Let ${{S}_{k}}(\Gamma )$ be the space of holomorphic cusp forms of even integral weight $k$ for the full modular group. Let ${{\lambda }_{f}}(n)$ and ${{\lambda }_{g}}(n)$ be the $n$-th normalized Fourier coefficients of two holomorphic Hecke eigencuspforms $f(z),\,g(z)\,\in \,{{S}_{k}}(\Gamma )$, respectively. In this paper we are able to show the following results about higher moments of Fourier coefficients of holomorphic cusp forms.

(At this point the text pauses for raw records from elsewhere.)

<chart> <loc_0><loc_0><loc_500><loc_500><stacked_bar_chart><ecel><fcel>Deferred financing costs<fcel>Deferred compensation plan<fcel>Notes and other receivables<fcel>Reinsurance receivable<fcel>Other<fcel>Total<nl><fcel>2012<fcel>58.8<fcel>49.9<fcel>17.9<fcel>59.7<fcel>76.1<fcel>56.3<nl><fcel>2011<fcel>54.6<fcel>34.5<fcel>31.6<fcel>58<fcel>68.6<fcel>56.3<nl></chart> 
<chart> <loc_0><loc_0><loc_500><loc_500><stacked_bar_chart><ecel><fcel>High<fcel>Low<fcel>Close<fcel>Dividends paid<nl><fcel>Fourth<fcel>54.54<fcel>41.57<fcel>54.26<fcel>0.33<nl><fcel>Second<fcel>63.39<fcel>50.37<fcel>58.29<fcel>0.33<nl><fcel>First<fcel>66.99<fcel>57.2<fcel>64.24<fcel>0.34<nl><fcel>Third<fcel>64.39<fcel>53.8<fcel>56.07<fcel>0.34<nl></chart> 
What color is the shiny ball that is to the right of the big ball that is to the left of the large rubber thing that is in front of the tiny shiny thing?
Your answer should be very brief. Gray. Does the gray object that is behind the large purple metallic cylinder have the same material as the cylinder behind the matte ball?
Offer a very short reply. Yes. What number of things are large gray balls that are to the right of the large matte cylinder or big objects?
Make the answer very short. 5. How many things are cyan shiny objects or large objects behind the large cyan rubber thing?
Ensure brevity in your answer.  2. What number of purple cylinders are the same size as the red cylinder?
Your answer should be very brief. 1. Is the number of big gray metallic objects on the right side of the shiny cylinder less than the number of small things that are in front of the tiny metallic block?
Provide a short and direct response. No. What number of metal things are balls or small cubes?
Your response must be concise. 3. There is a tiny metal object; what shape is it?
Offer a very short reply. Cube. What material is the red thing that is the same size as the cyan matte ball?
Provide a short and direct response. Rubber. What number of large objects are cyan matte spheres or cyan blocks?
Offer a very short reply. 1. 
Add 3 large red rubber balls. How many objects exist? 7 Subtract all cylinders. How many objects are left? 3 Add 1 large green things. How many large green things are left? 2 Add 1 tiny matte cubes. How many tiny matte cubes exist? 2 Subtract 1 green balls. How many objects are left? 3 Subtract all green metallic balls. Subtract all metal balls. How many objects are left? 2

(i)For any $\varepsilon \,>\,0$, we have

$$\sum\limits_{n\le x}{\lambda _{f}^{5}(n){{\ll }_{f,\varepsilon }}}{{x}^{\frac{15}{16}+\varepsilon }}\text{and}\sum\limits_{n\le x}{\lambda _{f}^{7}(n){{\ll }_{f,\varepsilon }}}{{x}^{\frac{63}{64}+\varepsilon }}.$$

(ii)If $\text{sy}{{\text{m}}^{3\,}}{{\pi }_{f}}\,\ncong \,\text{sy}{{\text{m}}^{3\,}}{{\pi }_{g}}\,$, then for any $\varepsilon \,>\,0$, we have

$$\sum\limits_{n\le x}{\lambda _{f}^{3}(n)\lambda _{g}^{3}(n){{\ll }_{f,\varepsilon }}}{{x}^{\frac{31}{32}+\varepsilon }};$$

If $\text{sy}{{\text{m}}^{2}}\,{{\pi }_{f}}\,\ncong \,\text{sy}{{\text{m}}^{2}}\,{{\pi }_{g}}$, then for any $\varepsilon \,>\,0$, we have

$$\sum\limits_{n\le x}{\lambda _{f}^{4}(n)\lambda _{g}^{2}(n)}=cx\log x+{c}'x+{{O}_{f,\varepsilon }}({{x}^{\frac{31}{32}+\varepsilon }});$$

If $\text{sy}{{\text{m}}^{2}}\,{{\pi }_{f}}\,\ncong \,\text{sy}{{\text{m}}^{2}}\,{{\pi }_{g}}$ and $\text{sy}{{\text{m}}^{4}}{{\pi }_{f}}\,\ncong \,\text{sy}{{\text{m}}^{4}}{{\pi }_{g}}$, then for any $\varepsilon \,>\,0$, we have

$$\sum\limits_{n\le x}{\lambda _{f}^{4}(n)\lambda _{g}^{4}(n)}=xP(\log x)+{{O}_{f,\varepsilon }}({{x}^{\frac{127}{128}+\varepsilon }}),$$

where $P\left( x \right)$ is a polynomial of degree 3.